The function of the sliding sleeve 1870 is to keep the flapper
valve member 1836 in a stowed or inoperative position while the
casing string is being run and cemented until such time as it is
desired to isolate a formation below the flapper valve member 1830.
There are many arrangements in flapper valves that are operable and
suitable for this purpose, but a sliding sleeve is preferred
because it presents a smooth interior that is basically a
continuation of the interior wall of the casing string thereby
allowing normal operations to be easily conducted inside the casing
string and it prevents the entry of cement or other materials into
a cavity 1888 in which the valve member 1836 is stowed.

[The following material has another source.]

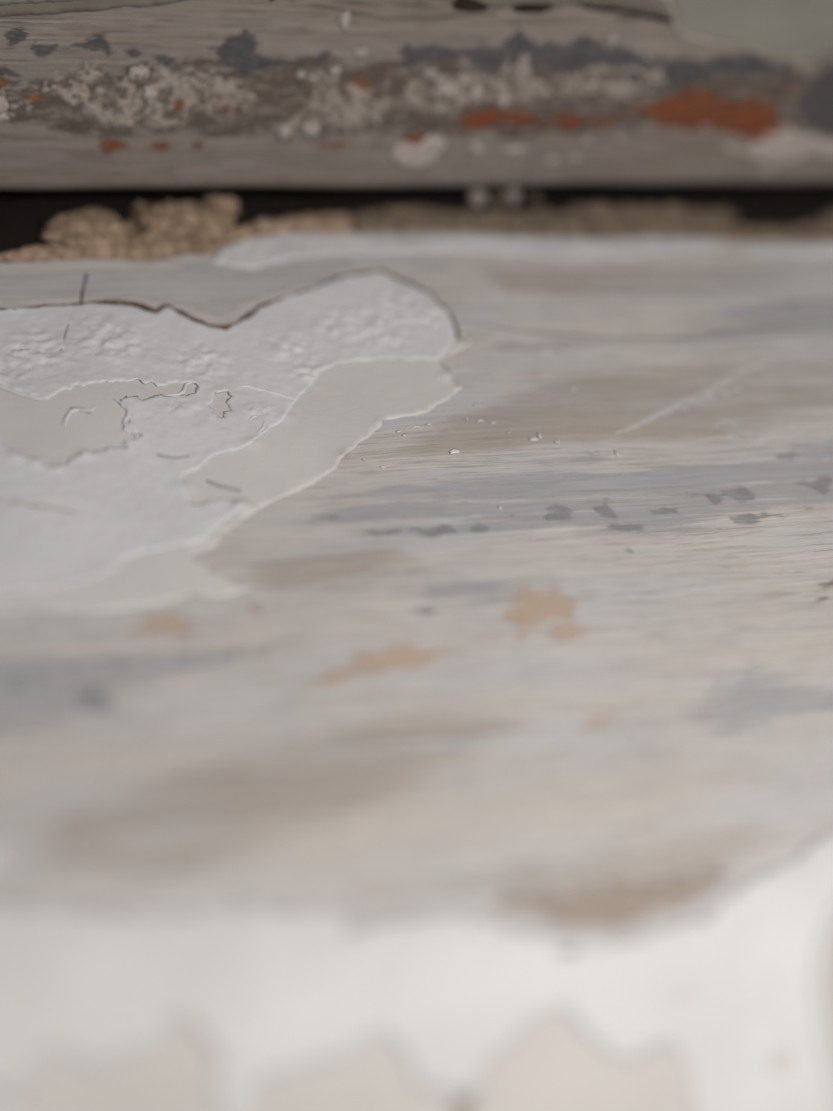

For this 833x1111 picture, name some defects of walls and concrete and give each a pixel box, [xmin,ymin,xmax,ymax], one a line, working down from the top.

peeling [0,0,186,17]
peeling [478,0,833,63]
spalling [0,194,833,263]
peeling [0,269,474,613]

The sliding sleeve 1870 accordingly comprises an upper section 1890
sized to slide easily on the smooth wall portion 1886 and provides
an O-ring seal 1892 which also acts as a friction member holding
the sleeve 1870 in its upper position. The upper section 1880 of
the tubular housing and the upper section 1890 of the sliding
sleeve 1870 accordingly provide aligned partial grooves 1894
receiving an O-ring seal 1892. When the sleeve 1870 is pulled
upwardly against the shoulder 1896, the O-ring seal 1892 passes
into a groove 1894 and frictionally holds the sleeve 1870 in its
upper position.
The upper section 1890 of the sliding sleeve 1870 provides a
downwardly facing shoulder 1998 and an inclined upwardly facing
shoulder 1810 providing a profile for receiving the operative
elements of a setting tool of conventional design so the sliding
sleeve 1870 may be shifted from the stowing position of FIG. 3 to
the position of FIG. 4, allowing the valve member 18356 to move to
its operative position.
The siding sleeve 1870 includes a lower section 1812 of smaller
external diameter than the upper section 1890 thereby providing the
cavity 1888 for the flapper valve member 1836. In the down or
stowing position, the sliding sleeve 1870 seals against the lower
section 1872 of the tubular housing 1868 so that cement or other
materials do not enter the cavity 1888 and interfere with operation
of the flapper valve member 1836.
The flapper valve member 1836 and any or all of the structural
elements of the flapper valve assembly 1830 may be made of any of
the degradable materials disclosed herein, including polyglycolic
acid. Further details of the structure and function of the flapper
valve assembly may be found in U.S. Pat. No. 7,287,596,
incorporated herein by reference. Use of a flapper valve member
which degrades advantageously eliminates the need to mechanically
remove the flapper valve member, such as with a rod, ball or
drilling out.
In specific embodiments, the structural elements set forth herein
are configured to be made from a high molecular weight polymer,
including repeating PGA monomers include the tools seen in FIGS.
1-14 or FIG. 19, or those set forth in Magnum Oil Tools
International's Catalog, on pages C-1 through L-17, which are
incorporated herein by reference.
While measured numerical values stated here are intended to be
accurate, unless otherwise indicated the numerical values stated
here are primarily exemplary of values that are expected. Actual
numerical values in the field may vary depending upon the
particular structures, compositions, properties, and conditions
sought, used, and encountered. While the subject of this
specification has been described in connection with one or more
exemplary embodiments, it is not intended to limit the claims to
the particular forms set forth. On the contrary, the appended
claims are intended to cover such alternatives, modifications and
equivalents as may be included within their spirit and scope.